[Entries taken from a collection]
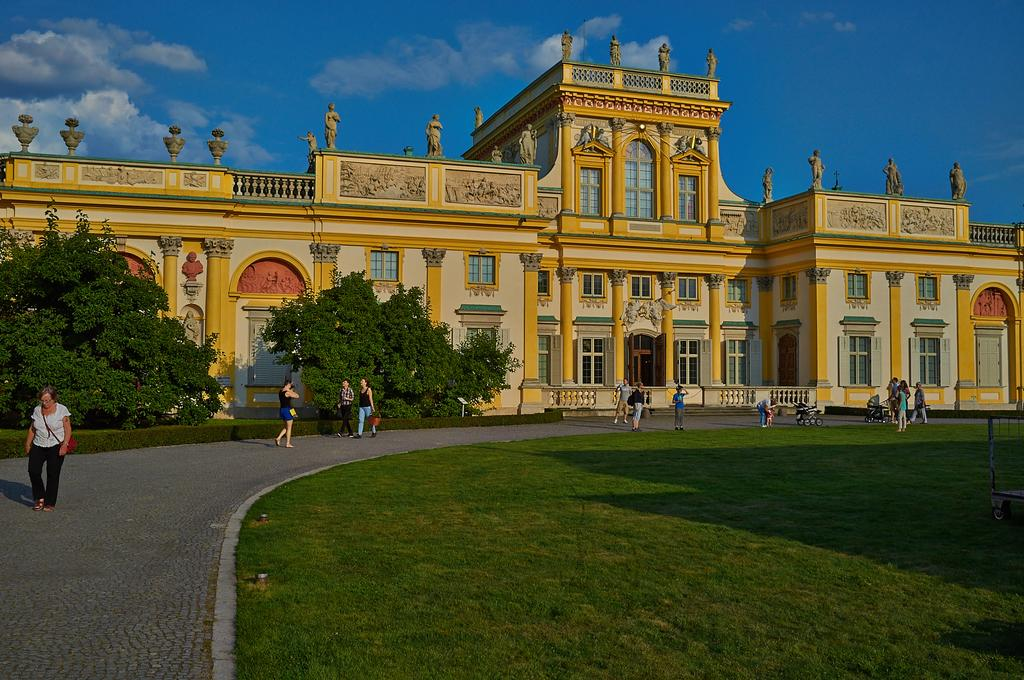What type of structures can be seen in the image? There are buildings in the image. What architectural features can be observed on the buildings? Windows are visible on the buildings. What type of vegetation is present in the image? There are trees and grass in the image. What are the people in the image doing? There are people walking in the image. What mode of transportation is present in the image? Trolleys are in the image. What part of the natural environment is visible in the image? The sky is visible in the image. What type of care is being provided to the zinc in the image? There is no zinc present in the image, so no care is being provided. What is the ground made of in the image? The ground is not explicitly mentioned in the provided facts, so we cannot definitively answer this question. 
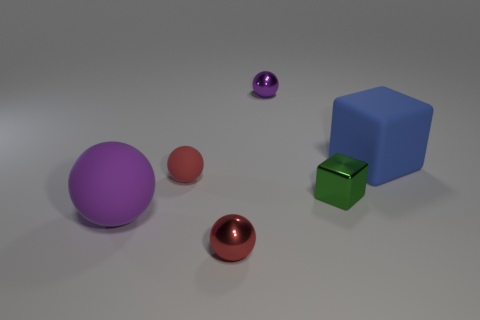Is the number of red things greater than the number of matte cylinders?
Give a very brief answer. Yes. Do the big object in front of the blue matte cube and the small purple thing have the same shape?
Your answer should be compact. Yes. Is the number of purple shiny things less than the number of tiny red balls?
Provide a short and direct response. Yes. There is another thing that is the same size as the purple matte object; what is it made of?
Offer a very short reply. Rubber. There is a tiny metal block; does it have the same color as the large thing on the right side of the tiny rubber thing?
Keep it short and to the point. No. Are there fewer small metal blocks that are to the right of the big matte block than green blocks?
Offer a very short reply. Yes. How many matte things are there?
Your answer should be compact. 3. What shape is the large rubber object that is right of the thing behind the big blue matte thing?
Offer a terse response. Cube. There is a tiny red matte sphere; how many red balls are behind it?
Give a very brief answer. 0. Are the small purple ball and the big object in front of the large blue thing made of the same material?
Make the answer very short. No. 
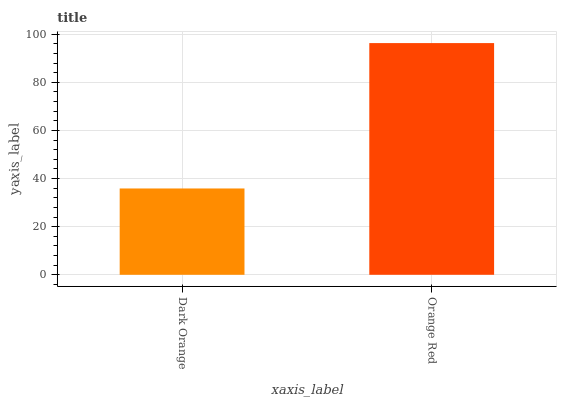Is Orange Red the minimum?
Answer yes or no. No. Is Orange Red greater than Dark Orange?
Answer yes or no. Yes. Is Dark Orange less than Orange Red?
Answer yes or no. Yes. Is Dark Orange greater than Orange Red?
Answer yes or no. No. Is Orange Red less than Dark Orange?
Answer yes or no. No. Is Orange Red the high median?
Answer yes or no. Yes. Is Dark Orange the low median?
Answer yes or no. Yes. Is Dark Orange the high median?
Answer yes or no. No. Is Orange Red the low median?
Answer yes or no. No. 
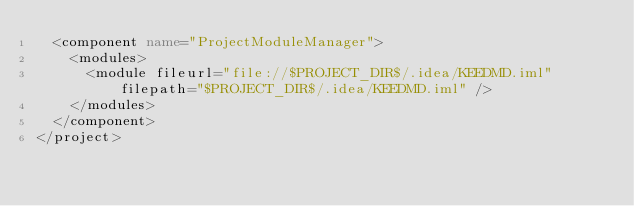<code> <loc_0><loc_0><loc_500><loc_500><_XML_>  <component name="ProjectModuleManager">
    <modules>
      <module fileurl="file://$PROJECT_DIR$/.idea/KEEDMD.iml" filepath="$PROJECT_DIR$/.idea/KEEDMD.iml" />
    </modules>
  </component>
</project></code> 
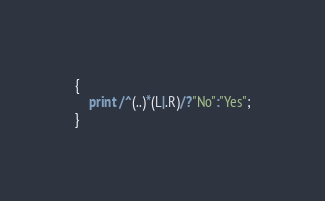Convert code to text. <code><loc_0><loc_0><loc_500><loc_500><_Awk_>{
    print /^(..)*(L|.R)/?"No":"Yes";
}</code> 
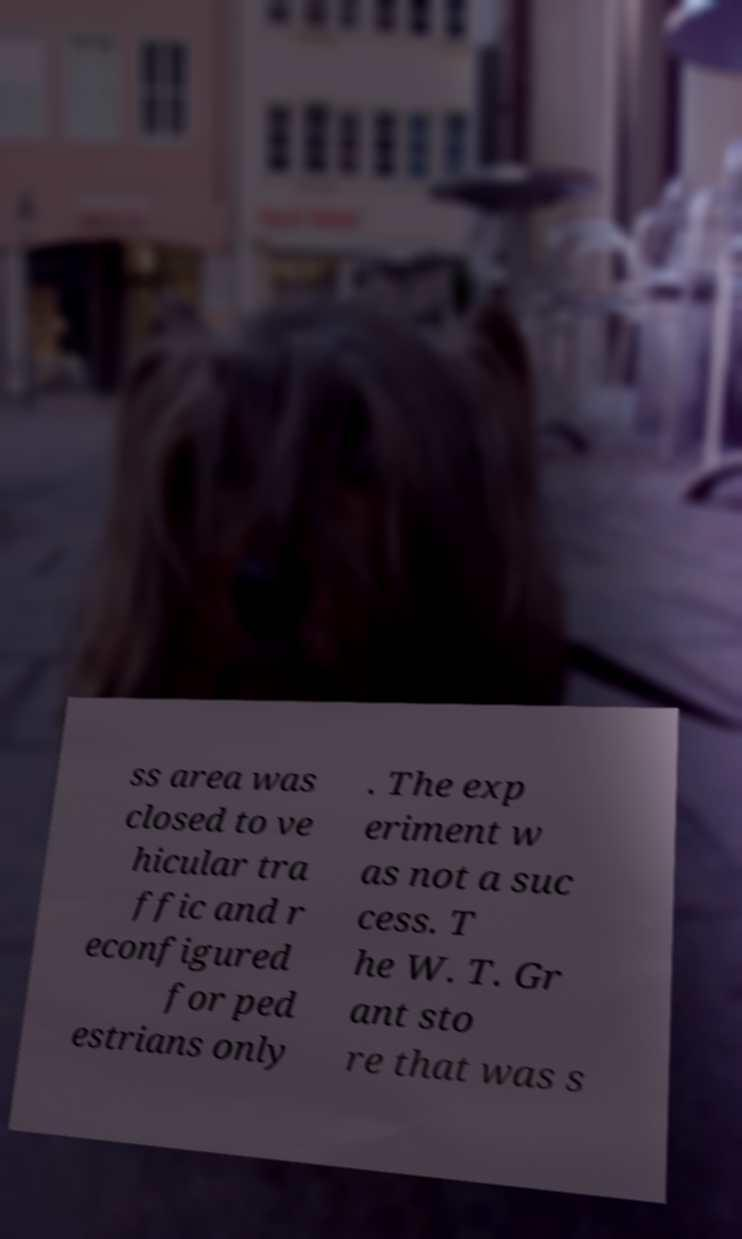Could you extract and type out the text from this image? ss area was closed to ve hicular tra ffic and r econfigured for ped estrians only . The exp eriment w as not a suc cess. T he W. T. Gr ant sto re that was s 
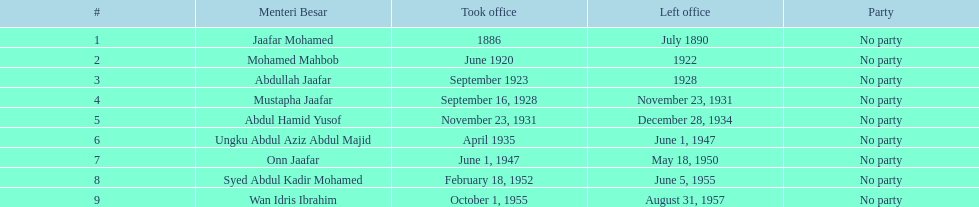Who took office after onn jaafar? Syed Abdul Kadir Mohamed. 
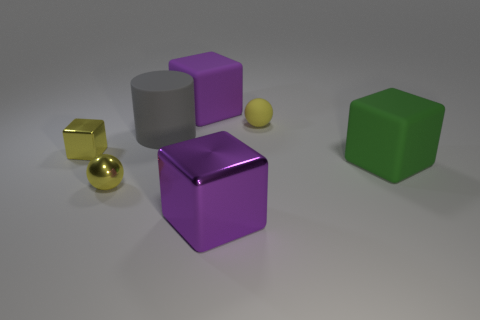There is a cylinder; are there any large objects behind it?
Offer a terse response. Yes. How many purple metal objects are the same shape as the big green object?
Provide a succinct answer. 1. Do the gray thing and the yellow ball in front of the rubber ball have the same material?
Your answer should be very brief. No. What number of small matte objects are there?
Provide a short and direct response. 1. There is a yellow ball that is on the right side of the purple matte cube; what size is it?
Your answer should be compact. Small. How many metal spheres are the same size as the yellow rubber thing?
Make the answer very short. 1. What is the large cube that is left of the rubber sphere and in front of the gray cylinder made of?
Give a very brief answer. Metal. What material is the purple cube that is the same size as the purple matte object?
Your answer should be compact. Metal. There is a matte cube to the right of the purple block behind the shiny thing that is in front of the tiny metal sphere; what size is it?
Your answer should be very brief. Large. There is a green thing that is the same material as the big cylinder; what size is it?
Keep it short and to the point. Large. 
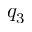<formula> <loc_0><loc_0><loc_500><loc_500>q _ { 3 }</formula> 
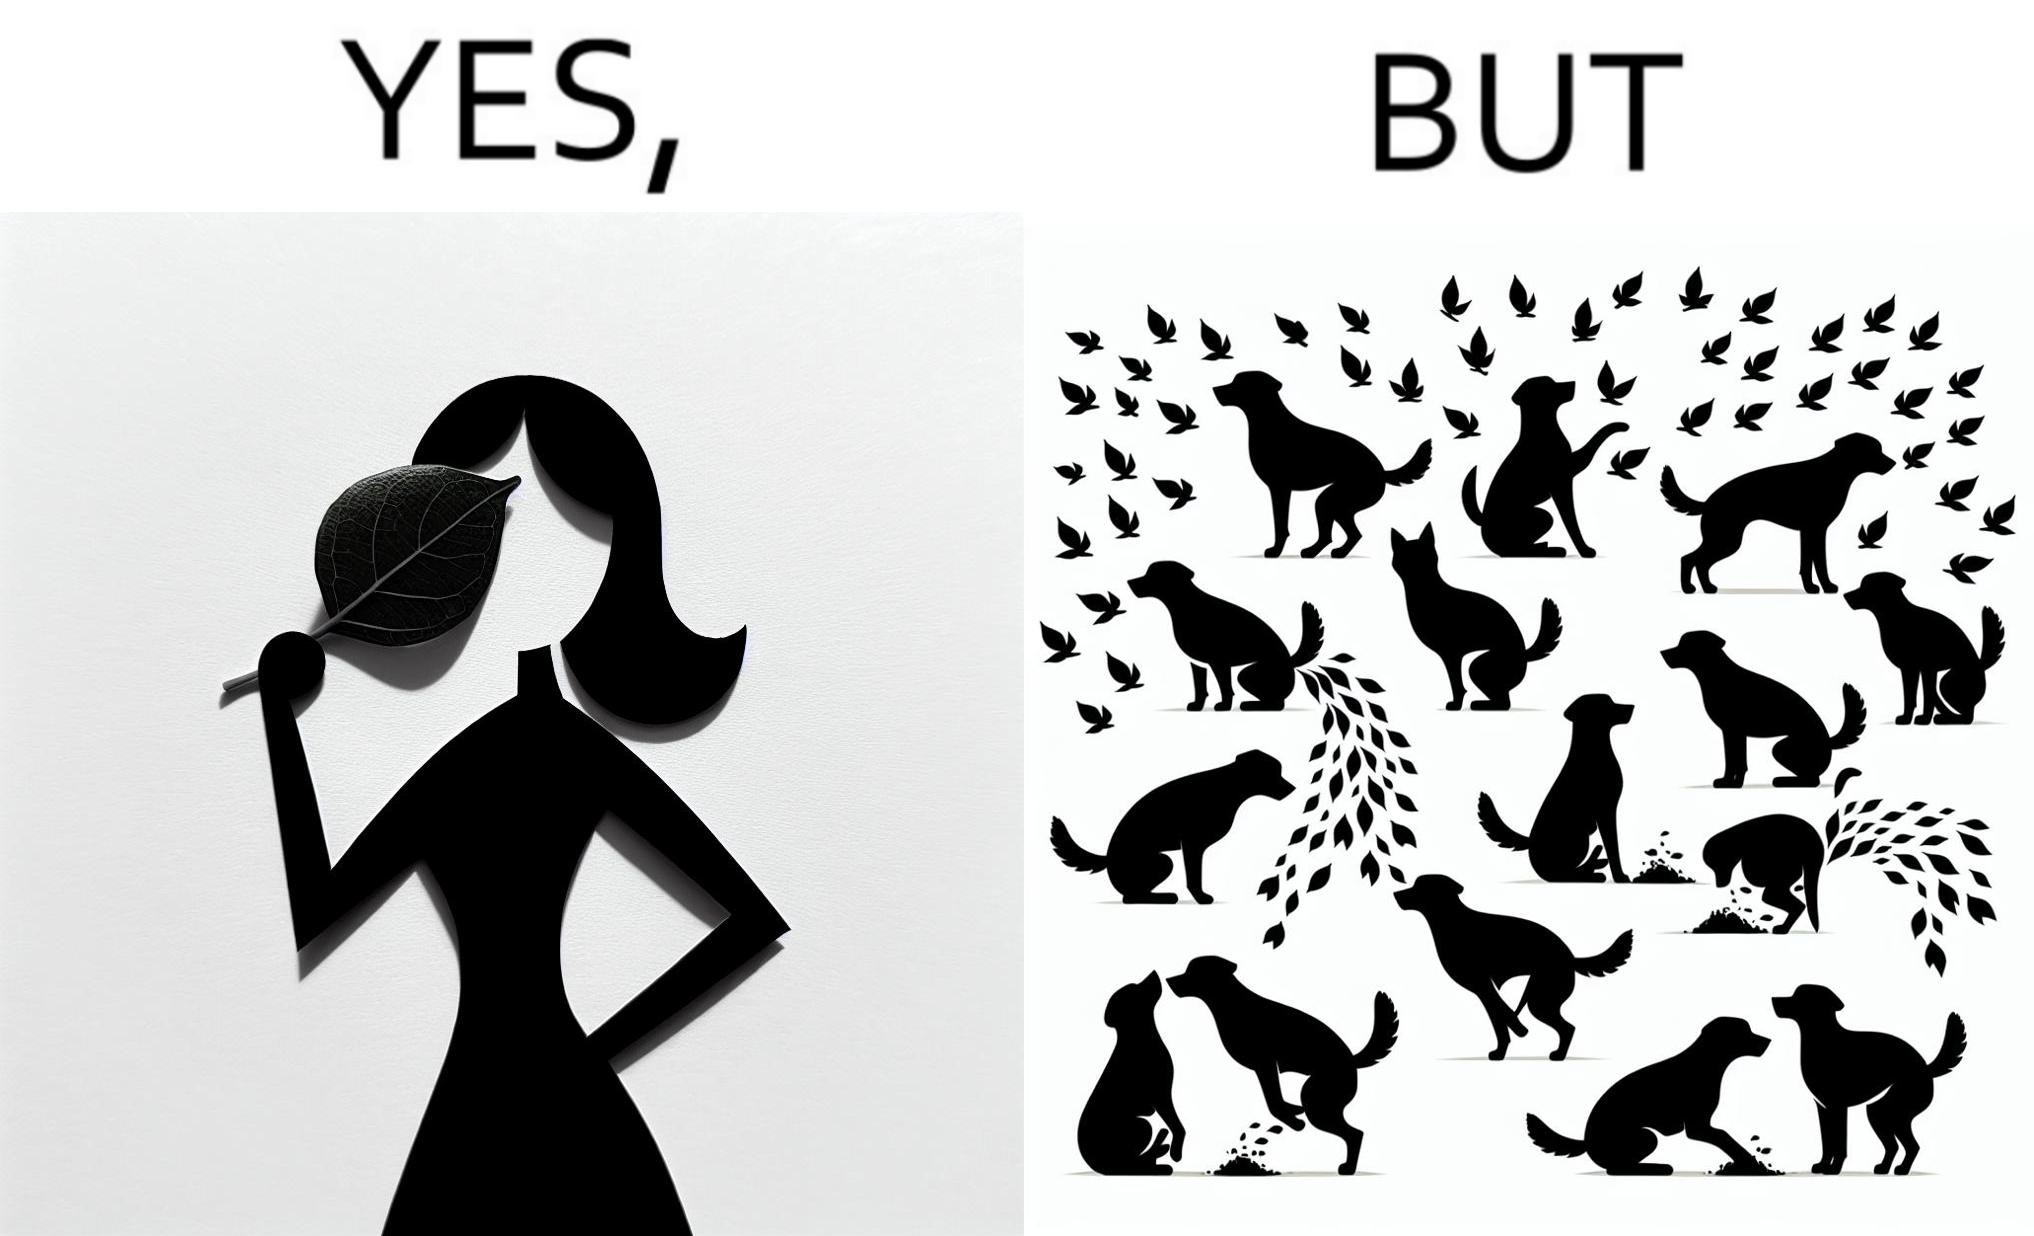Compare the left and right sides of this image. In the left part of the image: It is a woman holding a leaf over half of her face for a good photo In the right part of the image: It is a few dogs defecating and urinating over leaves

**REQUIRED WORK**
Check each line above for the string "point" and show the ones that have it.

**PROBLEM SOLUTION**
Keep it short and to the point. No. Are there fewer small metal blocks that are to the right of the big matte block than green blocks?
Keep it short and to the point. Large. 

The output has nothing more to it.